▶ _ACTION ITEM_
Please repeat the entries below exactly as written, leaving out any images.

▶ _INFORMATION_
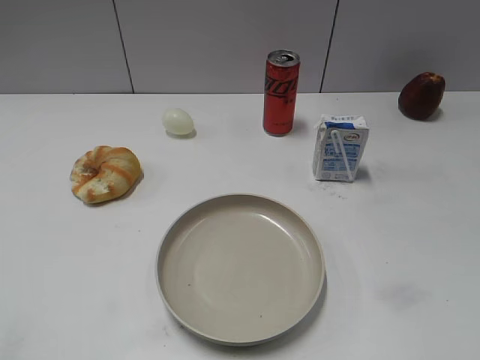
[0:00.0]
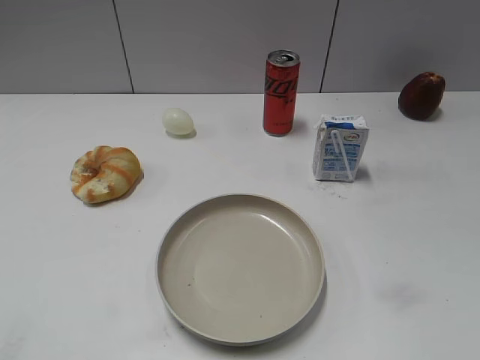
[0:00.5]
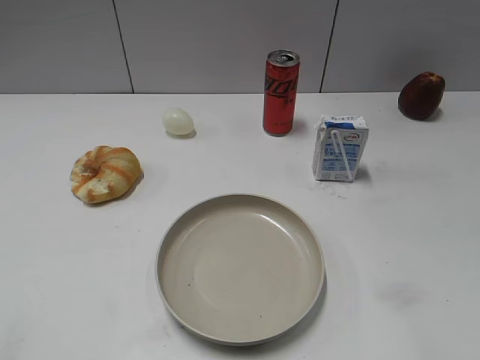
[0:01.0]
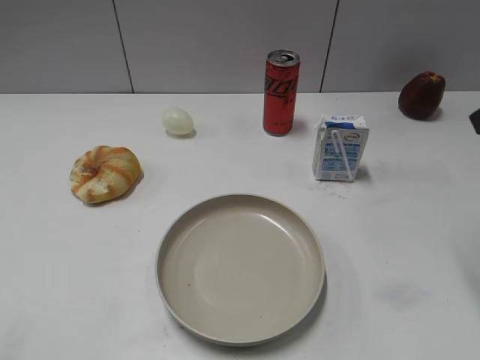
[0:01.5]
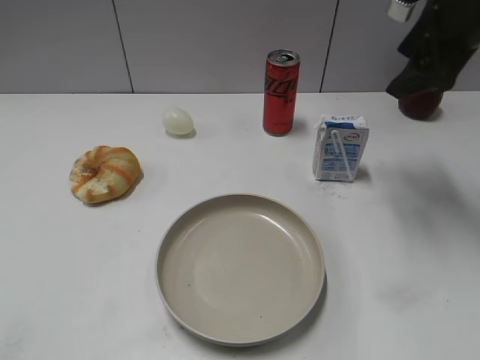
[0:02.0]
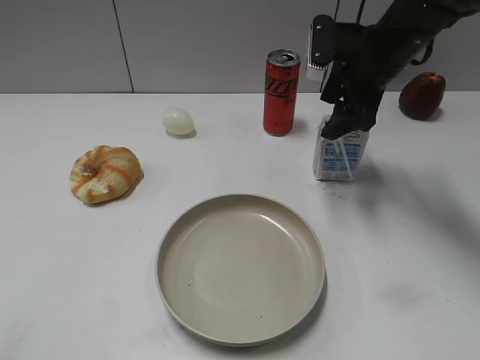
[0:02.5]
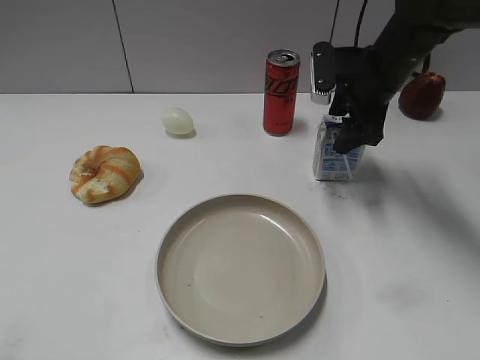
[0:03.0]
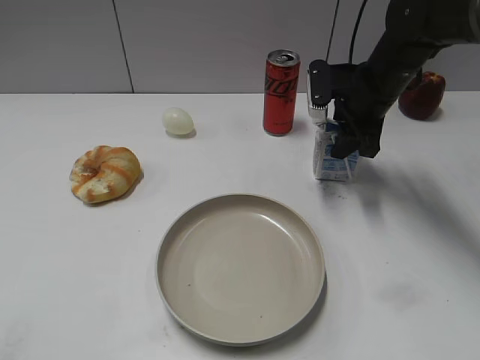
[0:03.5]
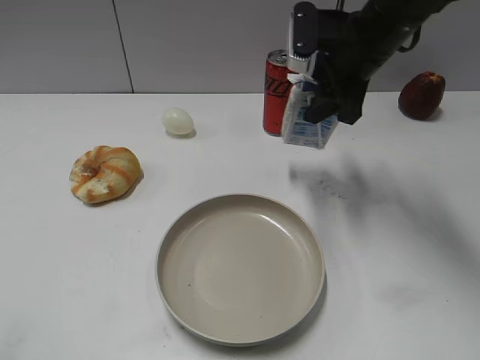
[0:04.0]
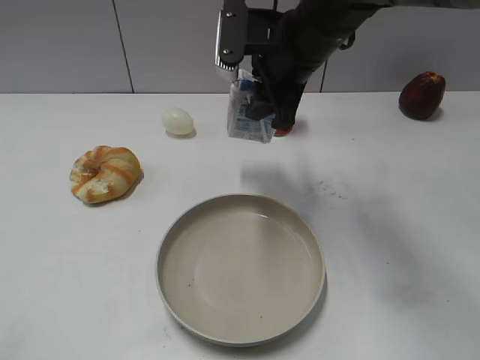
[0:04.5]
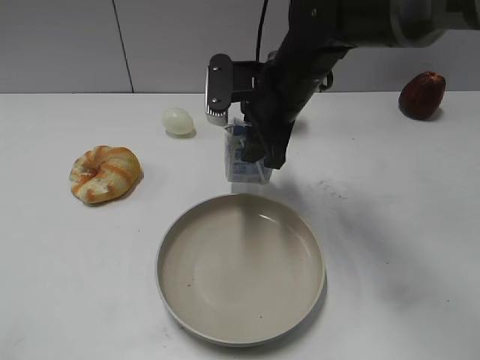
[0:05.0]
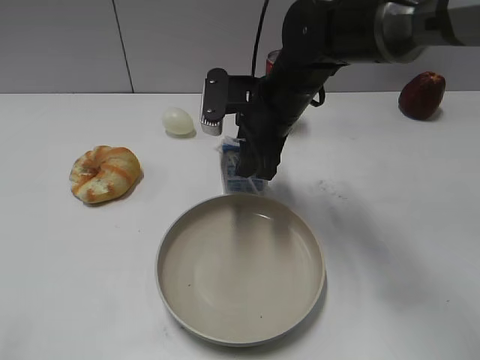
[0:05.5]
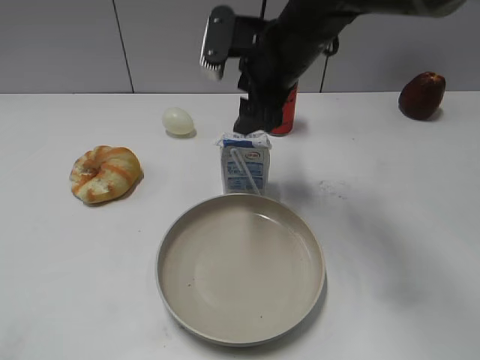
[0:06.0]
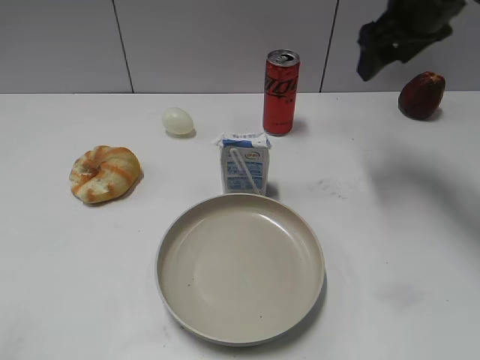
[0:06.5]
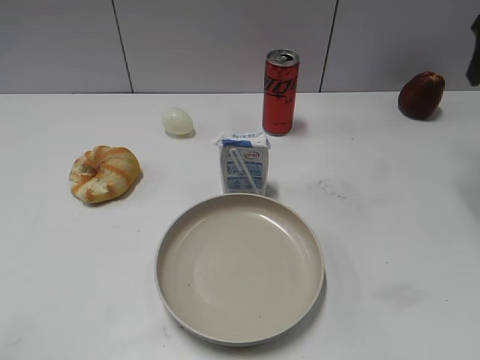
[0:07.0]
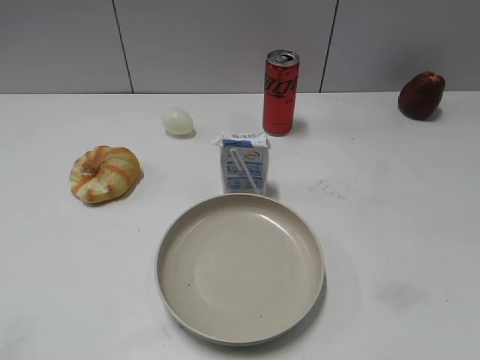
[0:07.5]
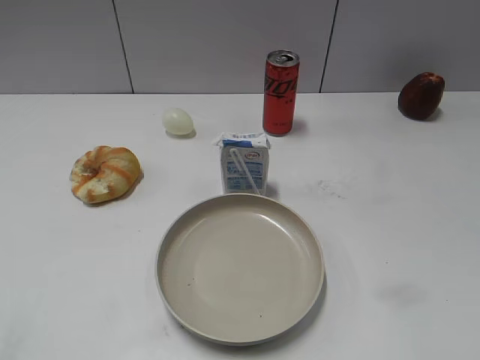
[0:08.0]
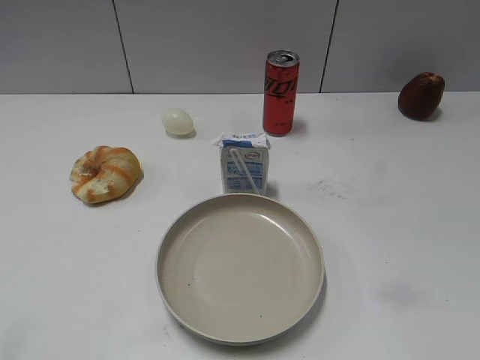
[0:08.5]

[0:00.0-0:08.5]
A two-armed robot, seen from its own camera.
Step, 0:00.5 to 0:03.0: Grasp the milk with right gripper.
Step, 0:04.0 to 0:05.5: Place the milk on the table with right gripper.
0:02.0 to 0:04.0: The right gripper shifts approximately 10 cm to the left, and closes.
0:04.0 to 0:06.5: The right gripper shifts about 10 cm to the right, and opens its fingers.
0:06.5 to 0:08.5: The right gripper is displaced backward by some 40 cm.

▶ _WRITTEN RESPONSE_
[0:00.0]
[0:00.5]
[0:01.0]
[0:01.5]
[0:02.0]
[0:02.5]
[0:03.0]
[0:03.5]
[0:04.0]
[0:04.5]
[0:05.0]
[0:05.5]
[0:06.0]
[0:06.5]
[0:07.0]
[0:07.5]
[0:08.0]
[0:08.5]

[0:00.0-0:08.5]
A two-armed robot, seen from its own camera.
Step, 0:00.5 to 0:03.0: Grasp the milk with right gripper.
Step, 0:04.0 to 0:05.5: Place the milk on the table with right gripper.
0:02.0 to 0:04.0: The right gripper shifts approximately 10 cm to the left, and closes.
0:04.0 to 0:06.5: The right gripper shifts about 10 cm to the right, and opens its fingers.
0:06.5 to 0:08.5: The right gripper is displaced backward by some 40 cm.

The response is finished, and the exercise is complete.